May 8 (Bloomberg) -- SAS Group, the Nordic region’s largest airline, trimmed its full-year forecast after second-quarter fares fell, driven down by greater competition in the carrier’s main Scandinavian markets.

SAS may achieve a pretax profit in fiscal 2014 if the positive effect of changes to pension reporting are taken into account, it said in a statement today. Results were expected to be positive excluding pension adjustments when the company released its interim management statement in March.

The airline has delayed earnings targets, pursued asset disposals and cuts jobs as it seeks to return to profit and fend off rivals including low-cost carriers Norwegian Air Shuttle ASA and Ryanair Holdings Plc. Faced with an influx of airlines keen to capture Scandinavian traffic, SAS is focusing on improving its offer to frequent travelers, Chief Executive Officer Rickard Gustafson said in the statement.

“The increasing competition for customers means that SAS is now taking an even more aggressive approach,” Gustafson said. “The uncertainty relating to the capacity trend in the market means that the revenues from the growing volumes are difficult to estimate.”

SAS dropped as much as 0.85 kronor, or 6.3 percent, to 12.70 kronor in Stockholm, and traded at 12.80 at 9:08 a.m. in the Swedish capital. The stock has lost 22 percent in value this year, the worst performer on the 37-member Bloomberg European Travel Index in the period.
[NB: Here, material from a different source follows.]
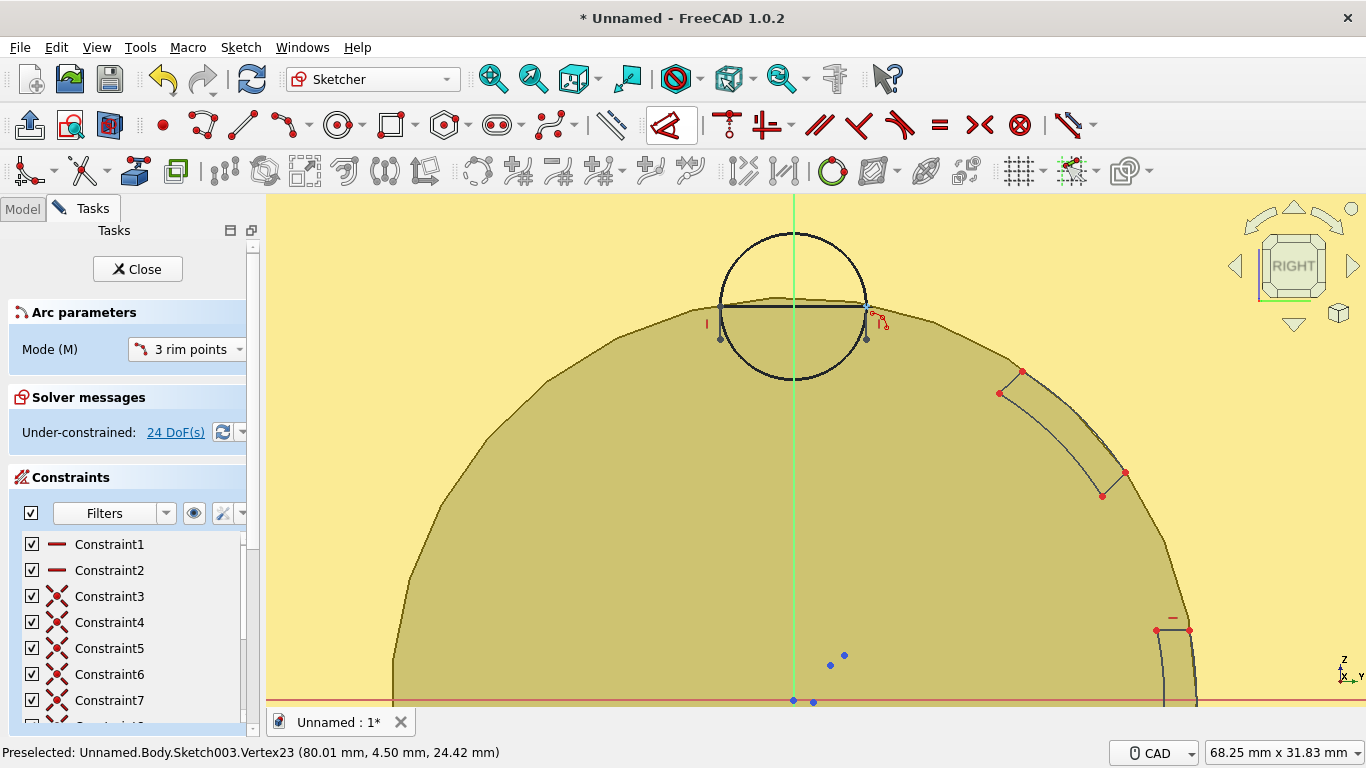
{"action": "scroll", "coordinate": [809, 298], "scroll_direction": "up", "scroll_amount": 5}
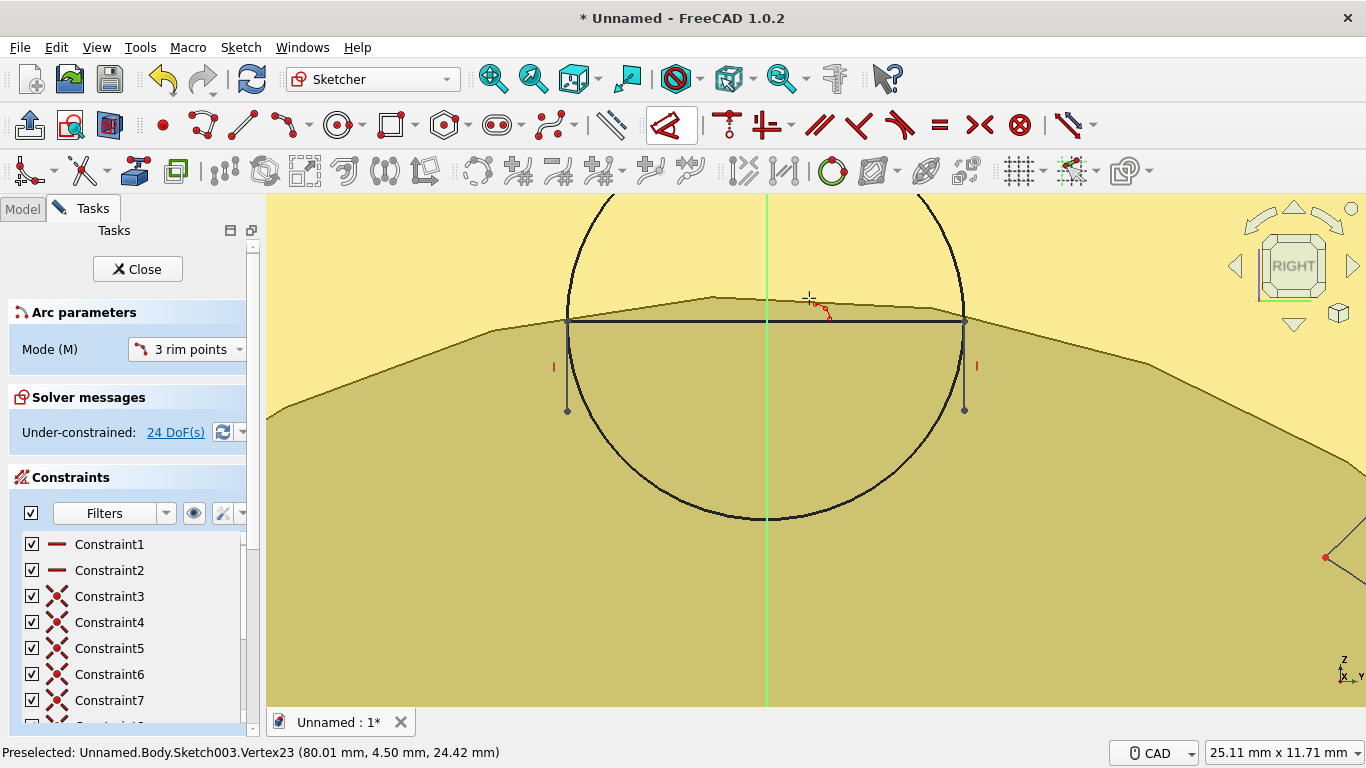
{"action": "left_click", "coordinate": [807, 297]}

Capacity within Scandinavia has grown more than 5 percent over the past six months, with the increase in seats available driving down second-quarter prices, SAS said. Currency-adjusted yields, a measure of average fares paid by passengers, dropped 5.3 percent in March and the load factors, a measure of occupancy, improved last month, the airline said.

SAS will report first half results on June 18.